PTSM: Pharmaceutical Technology Sourcing and Management
Volume 7, Issue 7

The global pharmaceutical market is in transition. Growth in established markets is slowing as growth in emerging markets, particularly China, is on the rise. State policy to increase access and affordability of medicines, a growing middle class, and increased demand for quality drugs are all factors influencing pharmaceutical demand in China. On the supply side, China’s pharmaceutical market is dominated by domestic companies although multinational drug companies are increasing their presence in the market.

Crunching the numbers
China is playing an increasingly important role in the global pharmaceutical market. The global pharmaceutical market is expected to reach $1 trillion by 2014 and nearly $1.1 trillion by 2015, according to a May 2011 report by the IMS Institute for Healthcare Informatics (1). The market will increase at a compound annual growth rate (CAGR) of 3–6% during the next five years, slowing from the 6.2% annual growth rate that occurred during the past five years. Absolute global-spending growth is expected to be between $210 billion and $240 billion between 2011 and 2015 compared with $251 billion between 2006 and 2010. Removing the effect of exchange-rate fluctuations, absolute global-spending growth will be between $230 billion and $250 billion on a constant dollar basis compared with $228 billion in the previous five years. For purposes of this analysis, the pharmaceutical market includes all types of biopharmaceuticals, including biologics, over-the-counter drugs, and traditional medicines distributed and administered through regulated delivery systems, such as pharmacies, hospitals, clinics, physician offices, and mail order. Spending figures are reported at ex-manufacturer estimates that do not reflect off-invoice discounts and rebates (1).

As pharmaceutical industry growth slows in developed market in the United States, Western Europe, and Japan, emerging markets, particularly China, continue to ascend. The US share of global pharmaceutical spending is projected to decline from 41% in 2005 to 31% in 2015 while the share of spending from the top five European national markets (i.e., Germany, France, Italy, Spain, and the United Kingdom) is projected to decline from 20% to 13% during the same period. Meanwhile, 17 high-growth emerging markets, led by China, will contribute 28% of total spending by 2015, up from only 12% in 2005, according to IMS (1).

In 2005, China was ranked as the ninth largest national pharmaceutical market and in 2010, it moved into third place, a position it is projected to maintain through 2015 (note: spending is based on constant US$ at 2010 exchange rates), according to IMS (1). In 2010, China’s pharmaceutical market was valued at $41.1 billion, having increased at a compound annual growth rate (CAGR) (US$ at constant exchange rates) of 23.9% between 2006–2010. A CAGR of 19–22% is projected between 2011 and 2015, according to IMS (1).

Inside China’s healthcare and pharmaceutical market
Although overall healthcare spending in China as a percentage of gross domestic product (GDP) is low at approximately 5%, the portion of healthcare spending directed at pharmaceuticals is as high as 50%, based on 2009 data, according to a May 2011 report by the management-consulting firm KPMG (2). In contrast, pharmaceutical spending in the US is only 13% of total healthcare spending. Per-capita drug spending in China is still low, only $35.1 in 2009 (2).

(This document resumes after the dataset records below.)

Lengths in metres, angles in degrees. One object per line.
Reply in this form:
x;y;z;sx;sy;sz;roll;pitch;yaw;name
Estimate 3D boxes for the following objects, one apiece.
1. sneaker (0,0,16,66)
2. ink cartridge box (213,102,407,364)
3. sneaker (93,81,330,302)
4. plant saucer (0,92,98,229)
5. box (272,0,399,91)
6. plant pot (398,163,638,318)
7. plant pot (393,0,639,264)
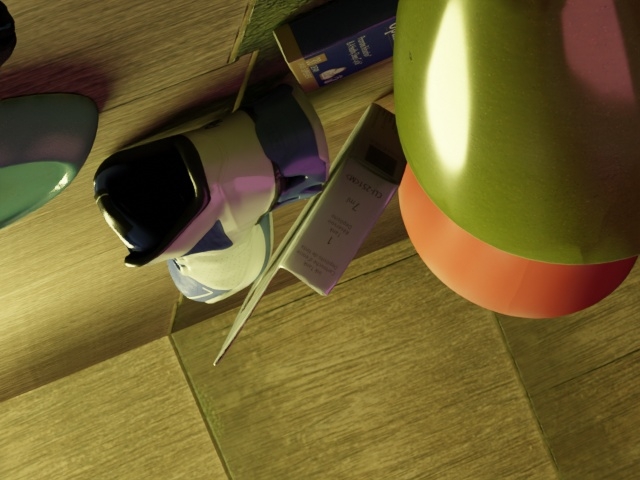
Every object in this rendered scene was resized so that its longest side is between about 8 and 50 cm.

State initiatives to increase access and affordability of healthcare, particularly in rural areas, a rising middle class, growing demand for higher quality drugs, and the sheer size of its population are factors influencing the pharmaceutical market, according to the KPMG report. The state-led Healthcare Reform Plan, which went into effect in 2009, is investing approximately RMB 850 billion ($124 billion) over the initial three years of the plan to increase access to medicine. The first phase of the plan, which is scheduled to be completed by the end of 2011, seeks to increase accessibility by building basic healthcare facilities, expanding public medical insurance to cover 90% or more of the population, and reform the drug-supply system. By 2020, the Chinese government plans to bring the entire population under public medical insurance, strengthen infrastructure, and streamline research and delivery (2).

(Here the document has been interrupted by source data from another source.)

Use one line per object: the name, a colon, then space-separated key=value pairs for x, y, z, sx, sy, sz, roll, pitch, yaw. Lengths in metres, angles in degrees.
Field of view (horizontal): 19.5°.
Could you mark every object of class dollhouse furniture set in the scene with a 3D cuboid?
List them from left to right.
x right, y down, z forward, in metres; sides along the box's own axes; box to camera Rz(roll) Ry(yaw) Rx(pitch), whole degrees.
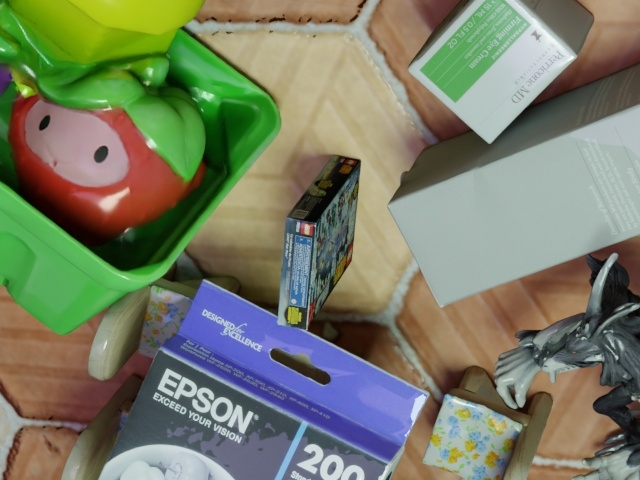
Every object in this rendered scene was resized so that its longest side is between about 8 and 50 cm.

China’s pharmaceutical market varies between urban and rural areas. The mainland Chinese pharmaceutical market consists of a complex array of regional markets that are dominated by generic drugs and over-the-counter (OTC) products, according to the KPMG report (2). Based on 2009 data, OTC products accounted for 38% of China’s pharmaceutical market, prescription drugs for 33%, traditional Chinese medicines 8%, medical devices 6%, and other products 15% (2). The OTC market was valued at RMB 88 billion ($13.6 billion) in 2009 and RMB 96.4 billion ($14.9 billion) in 2010. Prescription drug sales are expected to reach RMB 442.5 billion ($68.3 billion) by the end of 2014 and have recently outperformed growth in the OTC market. In 2009, the prescription drug market in China increased 27%, compared to growth of only 7.7% for the OTC market, according to the KPMG report (2).

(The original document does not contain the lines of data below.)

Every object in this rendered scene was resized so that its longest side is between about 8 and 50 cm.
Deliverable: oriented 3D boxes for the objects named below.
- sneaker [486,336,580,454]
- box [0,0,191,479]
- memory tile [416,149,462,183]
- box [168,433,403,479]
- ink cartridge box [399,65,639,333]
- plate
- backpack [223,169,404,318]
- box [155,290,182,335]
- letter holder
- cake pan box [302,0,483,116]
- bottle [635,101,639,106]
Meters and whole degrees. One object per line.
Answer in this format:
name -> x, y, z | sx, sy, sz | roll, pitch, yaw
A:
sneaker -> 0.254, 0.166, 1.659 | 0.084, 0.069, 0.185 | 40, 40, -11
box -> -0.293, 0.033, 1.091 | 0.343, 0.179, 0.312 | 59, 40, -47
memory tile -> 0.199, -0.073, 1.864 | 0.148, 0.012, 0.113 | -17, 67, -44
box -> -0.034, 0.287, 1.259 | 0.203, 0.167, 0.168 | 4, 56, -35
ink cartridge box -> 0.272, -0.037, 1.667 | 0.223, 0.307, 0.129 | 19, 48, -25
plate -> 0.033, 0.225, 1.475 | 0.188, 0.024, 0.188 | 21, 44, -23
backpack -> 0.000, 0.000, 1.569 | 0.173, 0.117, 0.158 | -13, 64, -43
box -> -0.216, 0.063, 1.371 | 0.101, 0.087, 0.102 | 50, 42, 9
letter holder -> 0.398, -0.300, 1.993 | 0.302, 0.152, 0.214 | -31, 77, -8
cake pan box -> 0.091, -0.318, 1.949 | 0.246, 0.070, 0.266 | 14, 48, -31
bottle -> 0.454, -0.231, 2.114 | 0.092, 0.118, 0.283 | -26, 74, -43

China has more than 5000 pharmaceutical companies, of which about 98% produce generic drugs, according to the KPMG report (2). The generic-drug market in China was valued at $29.3 billion in 2009 and is expected to increase at a CAGR of 12.9% to reach a value of $57.1 billion by 2014 (2).

Chinese pharmaceutical companies
China’s pharmaceutical market is highly fragmented. Nearly 90% of China’s pharmaceutical manufacturers are small- or medium-sized companies, and the 10 largest companies account for only 13% of the industry’s overall revenues. (2). Almost half of the top 10 pharmaceutical companies in China are multinational firms, but no one firm controls more than 2.5% of the market, according to the recent KPMG analysis (2). Based on market capitalization as of the first quarter 2011, the top domestic pharmaceutical companies in China in descending order are Sinopharm, Shanghai Pharmaceuticals, Harbin Pharmaceutical, Yunnann Baiyo Group, Sichuan Kelun, Shanghai Fosun, Jiangsu Hengrui Medicine, Kangmeli Pharmaceutical, Shenzhen Hepalink, and Shangdong Dong-E E-Jiao (2). On the distribution side, there are approximately 7000 pharmaceutical distributors in China, of which approximately 80% are small- to medium-sized enterprises. The top three pharmaceutical distributors—Sinopharm, Shanghai Pharmaceutical, and Jointown—account for nearly 21% of the market. In 2009, the top 100 pharmaceutical distributors accounted for 67% of the market and the top 500 accounted for 85%, according to the KPMG report.

API strength
The strength of domestic Chinese pharmaceutical companies is in manufacturing generic drugs and active pharmaceutical ingredients (APIs), notes the KPMG report (2). In 2009, the number of chemical pharmaceutical manufacturers reached 2434, up 7.5% year-on-year. As of August 2010, China had roughly 1200 API manufacturers capable of producing more than 1500 categories of APIs. China is ranked first in the world in output of penicillin, vitamins, antipyretics, and analgesics. These ingredients accounted for 80% of China’s total pharmaceutical export value in 2009 (2). The government is said to be drawing up a plan that would invest $761 million in API manufacturers with the goal of raising the country’s export value of products by $4 billion annually (2).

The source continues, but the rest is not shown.